# encendido y apagado de una luz a control remoto



## sebruco (Jul 10, 2007)

Hey! hola a todos, actualmente estoy cursando la materia de Electronica I y nos encargaron de proyecto final un encendido y apagado de una luz a contol remoto, se que hay muchos en internet, pero la dificultad de este en particular es que debe ser constuido enteramente con circuitos analogicos...

Espero me puedan ayudar y a su ves sea d ayuda a quien quiera instalarlo en su casa por mera dicersion..

Saludos!


----------



## chicopercebes (Jul 12, 2007)

Hola yo tambien estoy interesado en realizar algo parecido, para una feria cientifica.

Tengo que encender un diodo led, a una distacia a mas de 30 cm a lo mas que se pueda.

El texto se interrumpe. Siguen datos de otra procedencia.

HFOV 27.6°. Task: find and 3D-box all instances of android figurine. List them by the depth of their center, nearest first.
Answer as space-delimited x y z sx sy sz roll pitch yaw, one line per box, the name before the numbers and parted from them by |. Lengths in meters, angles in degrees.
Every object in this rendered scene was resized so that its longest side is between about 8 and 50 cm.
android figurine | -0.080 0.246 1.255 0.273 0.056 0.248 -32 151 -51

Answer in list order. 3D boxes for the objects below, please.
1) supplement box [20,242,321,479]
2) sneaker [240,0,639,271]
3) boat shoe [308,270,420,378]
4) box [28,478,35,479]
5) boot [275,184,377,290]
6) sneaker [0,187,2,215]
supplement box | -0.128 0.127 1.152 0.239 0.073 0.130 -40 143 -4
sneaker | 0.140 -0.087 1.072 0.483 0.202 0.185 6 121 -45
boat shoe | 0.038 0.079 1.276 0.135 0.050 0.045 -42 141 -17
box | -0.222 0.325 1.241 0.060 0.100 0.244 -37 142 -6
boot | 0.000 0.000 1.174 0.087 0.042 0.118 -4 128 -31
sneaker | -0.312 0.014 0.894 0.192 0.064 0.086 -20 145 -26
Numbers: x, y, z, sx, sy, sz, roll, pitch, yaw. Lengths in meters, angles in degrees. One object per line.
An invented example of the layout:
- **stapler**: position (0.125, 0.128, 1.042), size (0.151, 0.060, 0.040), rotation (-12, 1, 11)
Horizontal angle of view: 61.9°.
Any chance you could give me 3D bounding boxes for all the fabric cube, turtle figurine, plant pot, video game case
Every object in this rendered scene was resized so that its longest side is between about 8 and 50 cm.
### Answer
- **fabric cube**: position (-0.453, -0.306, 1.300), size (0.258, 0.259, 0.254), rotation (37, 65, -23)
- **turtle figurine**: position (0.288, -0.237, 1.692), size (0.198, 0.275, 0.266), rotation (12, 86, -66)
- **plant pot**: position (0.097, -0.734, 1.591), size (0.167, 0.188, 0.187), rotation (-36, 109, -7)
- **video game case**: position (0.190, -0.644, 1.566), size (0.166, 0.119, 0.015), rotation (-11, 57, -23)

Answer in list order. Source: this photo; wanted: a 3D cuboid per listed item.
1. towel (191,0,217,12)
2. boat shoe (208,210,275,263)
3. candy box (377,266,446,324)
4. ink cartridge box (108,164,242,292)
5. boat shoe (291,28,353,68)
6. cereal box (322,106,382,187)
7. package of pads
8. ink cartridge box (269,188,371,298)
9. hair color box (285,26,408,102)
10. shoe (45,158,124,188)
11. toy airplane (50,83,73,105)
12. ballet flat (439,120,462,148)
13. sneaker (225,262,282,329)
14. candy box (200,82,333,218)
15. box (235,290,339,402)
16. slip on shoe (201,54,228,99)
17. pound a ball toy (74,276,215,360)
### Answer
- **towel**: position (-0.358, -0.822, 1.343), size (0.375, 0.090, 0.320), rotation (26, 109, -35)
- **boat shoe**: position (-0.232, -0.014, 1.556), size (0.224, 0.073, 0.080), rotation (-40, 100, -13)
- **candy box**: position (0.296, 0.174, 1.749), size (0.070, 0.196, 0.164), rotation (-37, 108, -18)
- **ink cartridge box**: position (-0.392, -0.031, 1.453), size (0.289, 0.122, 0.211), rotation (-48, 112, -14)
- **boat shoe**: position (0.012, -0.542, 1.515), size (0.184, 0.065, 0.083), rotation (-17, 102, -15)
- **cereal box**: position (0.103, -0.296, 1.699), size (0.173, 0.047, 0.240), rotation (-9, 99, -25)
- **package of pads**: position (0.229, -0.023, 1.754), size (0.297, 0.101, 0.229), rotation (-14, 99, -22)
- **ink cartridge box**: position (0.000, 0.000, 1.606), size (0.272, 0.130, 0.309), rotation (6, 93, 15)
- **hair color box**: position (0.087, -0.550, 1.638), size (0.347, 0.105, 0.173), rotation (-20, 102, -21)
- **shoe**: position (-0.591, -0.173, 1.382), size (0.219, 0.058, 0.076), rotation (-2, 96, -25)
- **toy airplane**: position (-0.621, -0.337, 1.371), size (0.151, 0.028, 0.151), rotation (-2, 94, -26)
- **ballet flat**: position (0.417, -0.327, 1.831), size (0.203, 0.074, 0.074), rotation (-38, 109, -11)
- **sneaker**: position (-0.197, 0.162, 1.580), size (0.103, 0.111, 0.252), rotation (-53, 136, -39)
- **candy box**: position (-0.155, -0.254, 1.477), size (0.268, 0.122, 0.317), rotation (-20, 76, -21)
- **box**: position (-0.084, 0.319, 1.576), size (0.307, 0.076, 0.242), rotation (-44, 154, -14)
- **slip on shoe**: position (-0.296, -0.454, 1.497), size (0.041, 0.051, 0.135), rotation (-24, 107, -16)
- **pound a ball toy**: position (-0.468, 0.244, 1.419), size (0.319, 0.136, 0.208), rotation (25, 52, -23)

Que tipo de circuito electronico necesito? saludos


----------



## VichoT (Jul 12, 2007)

Holas. podrias usar un sistema como la antigua transmision del morse
Un transmisor sencillo fijado auna frecuencia cualkiera sin tener modulacion. simpelmente con el pulsador enciendes el transmisor....y en el receptor un receptor valga la redundancia sintonizado a la frec del transmisor asi cuando exista trasmisiones en su receptor tendran una señal ke podras usar pra activar otro cto ke maneje la lampara

BYE!


----------